Take a look at this paragraph from RT.com’s article on the piece and see what you think…
“Mr. Awkal is very seriously mentally ill and does not understand why he is being executed,” David A. Singleton, executive director of the Ohio Justice & Policy Center, tells WOIO 19 Action News in a recent interview. Awkal’s personal attorneys have at other times told prosecutors that their client was indeed insane during the 1992 shootings and that, in addition to a history of mental illness in his family, a series of episodes have had a major toll on his psychological health: he fled his native Lebanon after living through the country’s civil war for eight years, was institutionalized in a Detroit, Michigan hospital, was counseled for suicide and has claimed to have experience hallucinations — all before the 1992 rampage. One of his hearings was postponed after the court considered Awkal mentally incompetent to assist in his defense and county psychiatrists pumped him with varying heavy prescriptions. In 2004, a judge finally agreed that Awkal was mentally incompetent — but only to the extent that he couldn’t file an appeal.”
I have a question for the judge and the law makers in this respect and it is this…
If someone is – by your own judgement and admission – ‘mentally incompetent but only to the extent that he couldn’t file an appeal’ by what moral standards or standards of ‘justice’ are you able to justify taking that life?
I want to be very clear and very open here. I have, by virtue of my own mental illnesses a vested interest in this case and am therefore possibly biased. I am also very much against the death penalty and thus am biased on those grounds also.
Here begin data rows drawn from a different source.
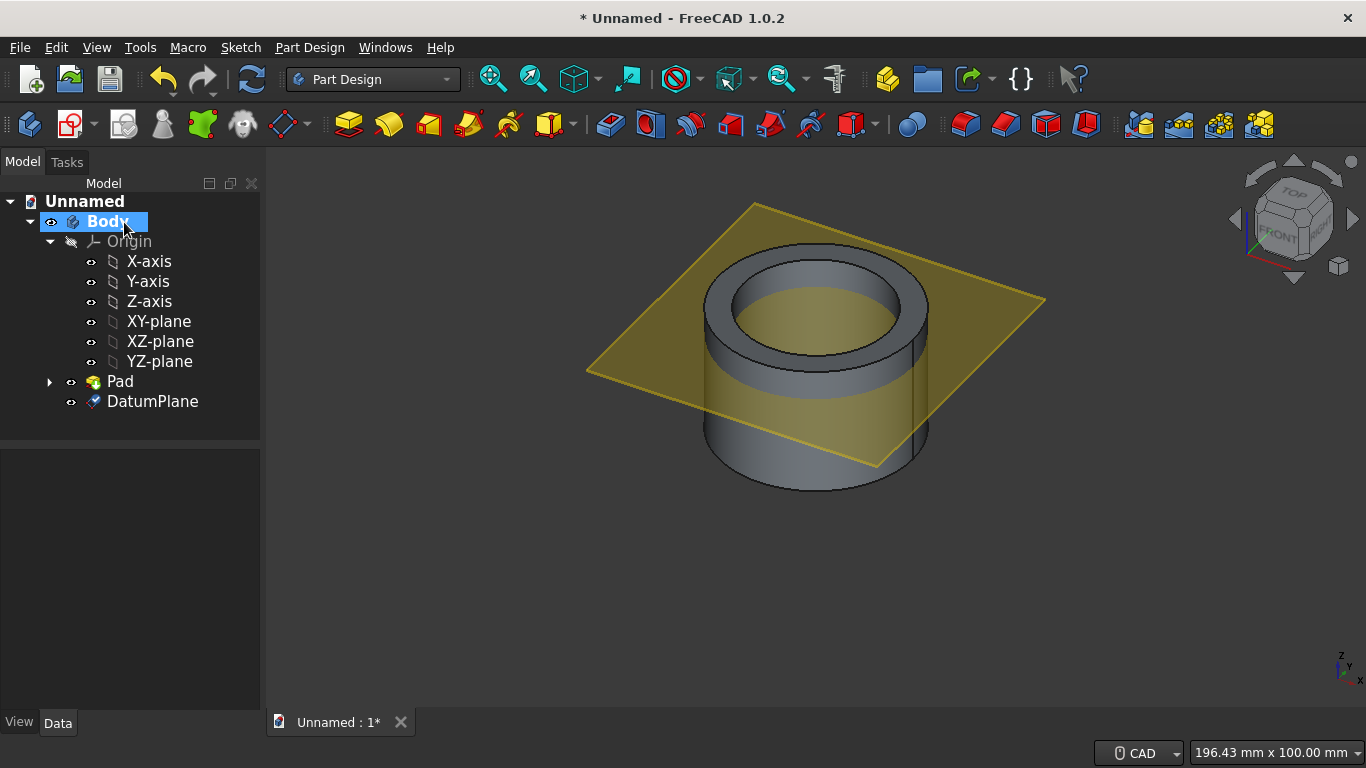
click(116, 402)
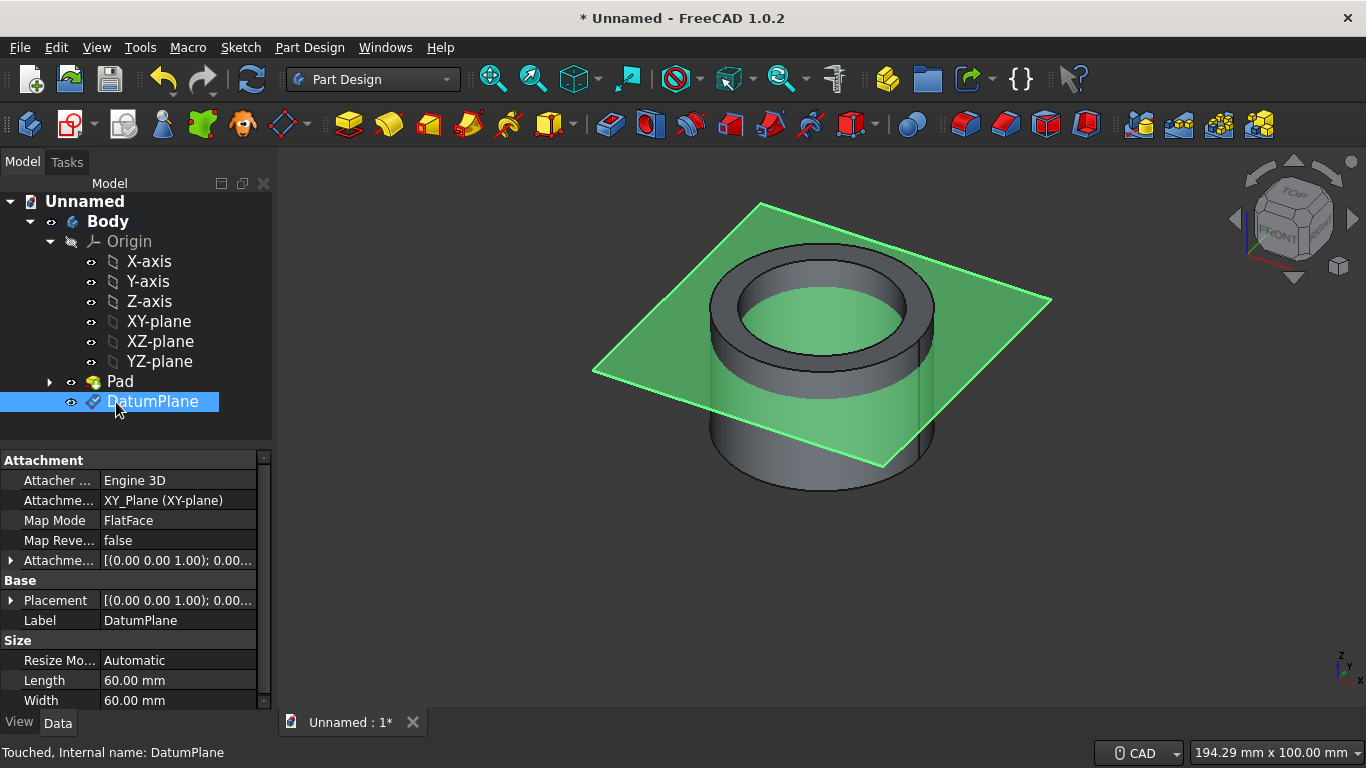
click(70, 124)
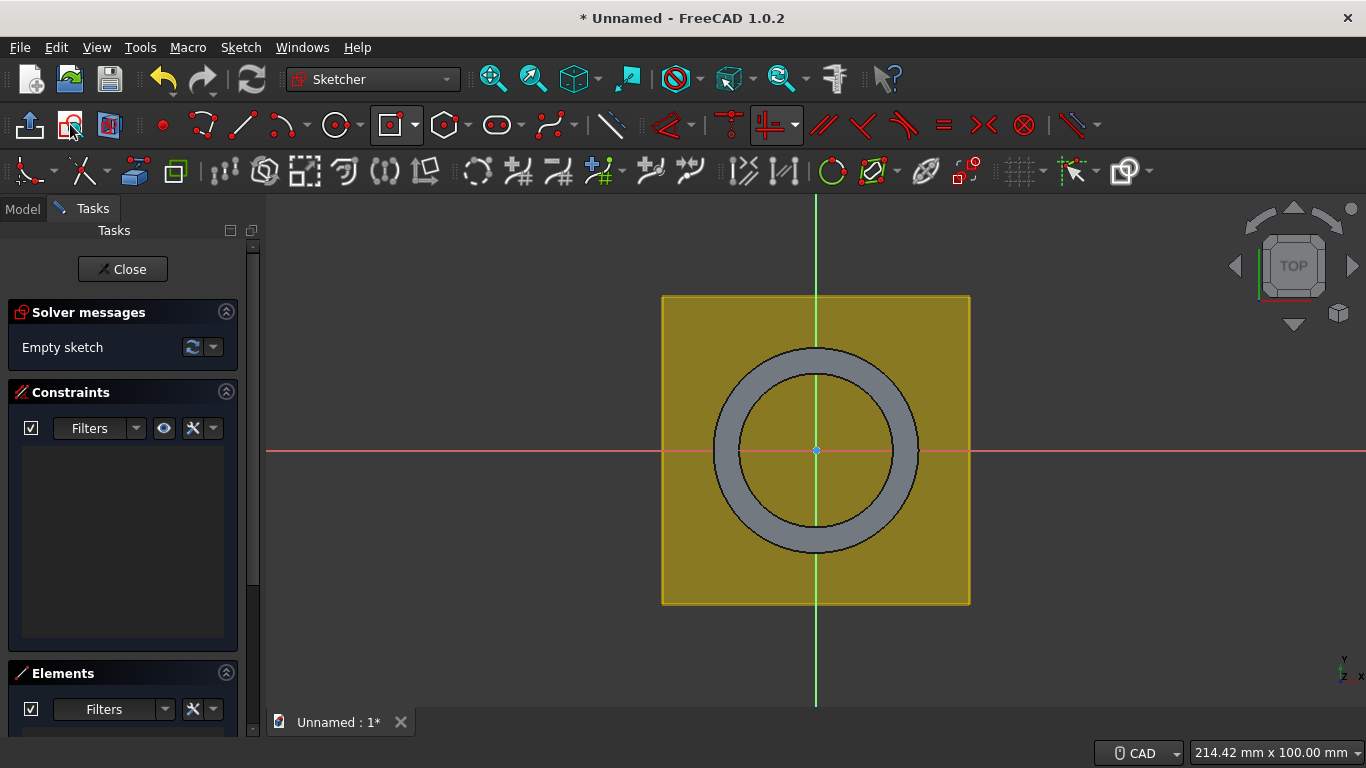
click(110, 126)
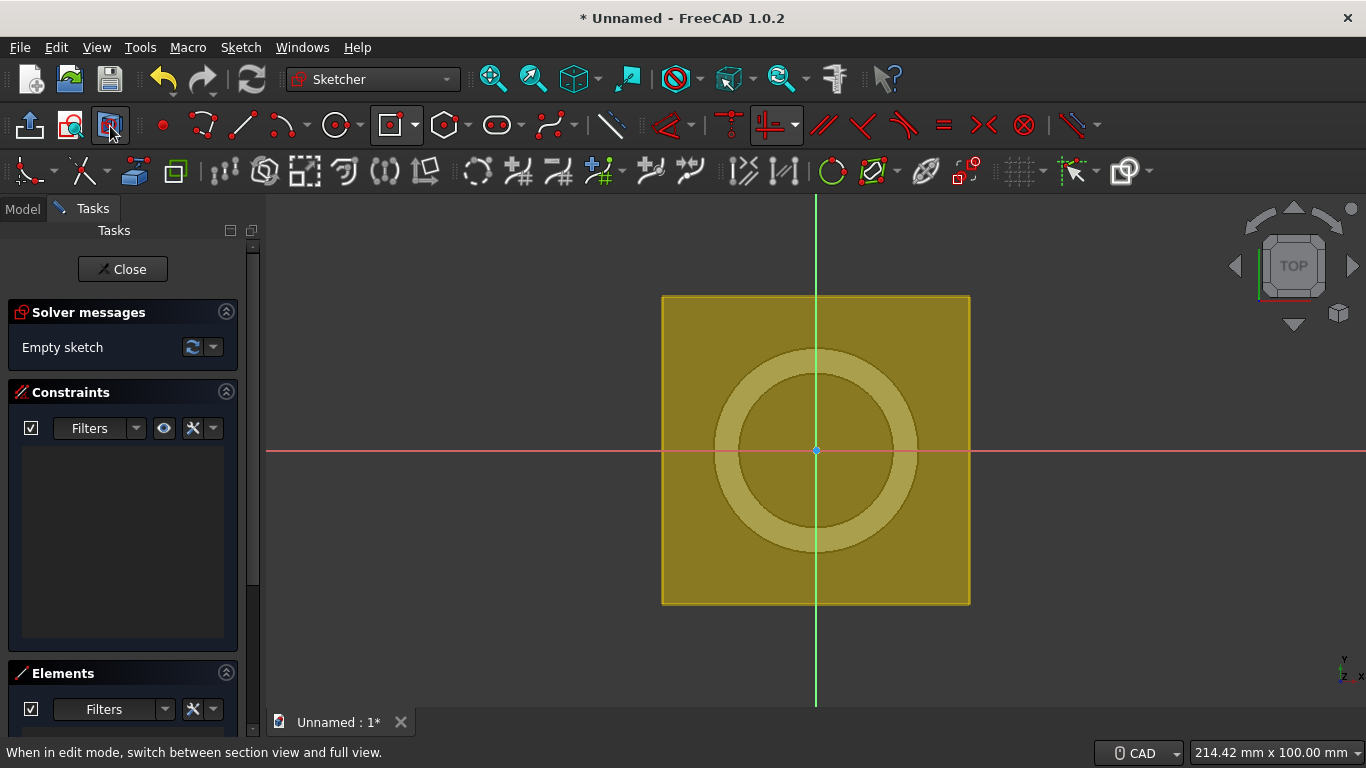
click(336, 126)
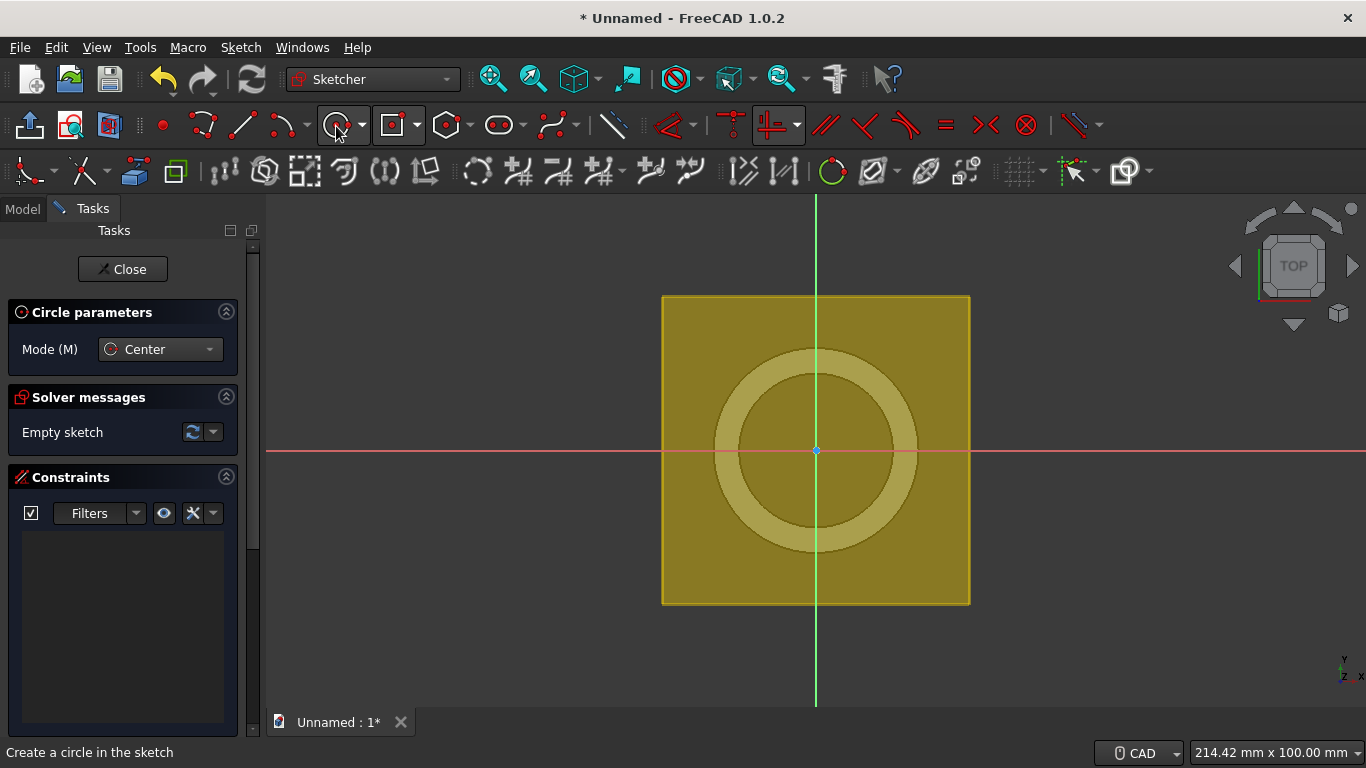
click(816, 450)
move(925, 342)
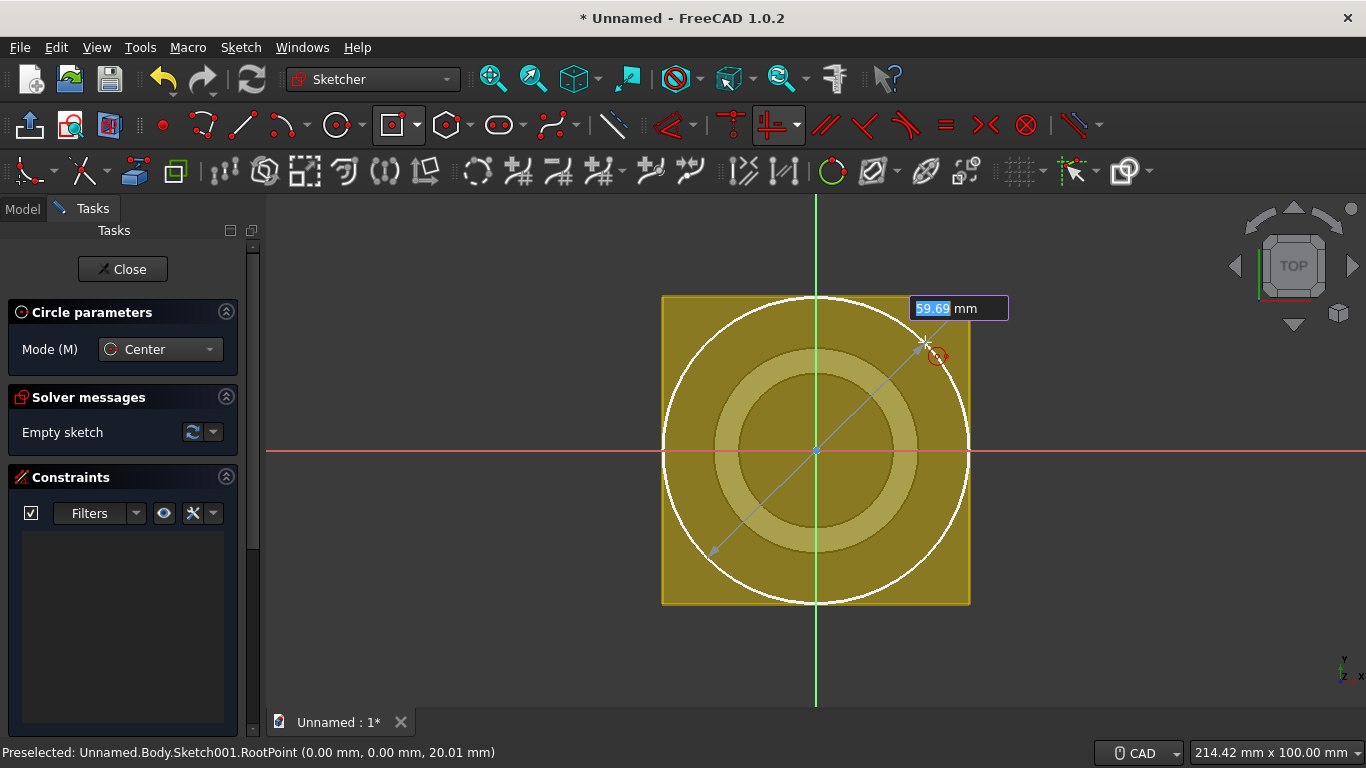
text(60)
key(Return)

I really do feel for the family and loved ones of those he killed and I fully accept that I cannot begin to understand what they must be going through. They are in my prayers as is Abdul Awkal himself and this whole situation.
Do I believe we should be accountable for our actions? Yes absolutely I do. BUT only to the extent where that accountability is appropriate and fitting. In respect of my own DID/MPD my family are fully aware of it and indeed very much aware of the signs to look out for in that respect. Additionally when I do have such episodes and one of my ‘alters’ or ‘others’ or ‘littles’ come out they are expected to behave appropriately and are held accountable for their actions when they do not.
It has taken me years to come to the understanding and place I am at with this particular condition and as a result of the love, patience, understanding and compassion of those closest to me I have seen great improvements in my condition and I thank God for the love and compassion and understanding I have been shown.
I thank God also for the fact that I have, as yet, not done anything so serious as to place the power of whether to show love, patience, understanding and compassion in the hands of those who might possibly see me as nothing more than just another mental health case.
It is my fervent hope and prayer that compassion will be shown in this whole situation and that compassion within our legal systems is not already dead.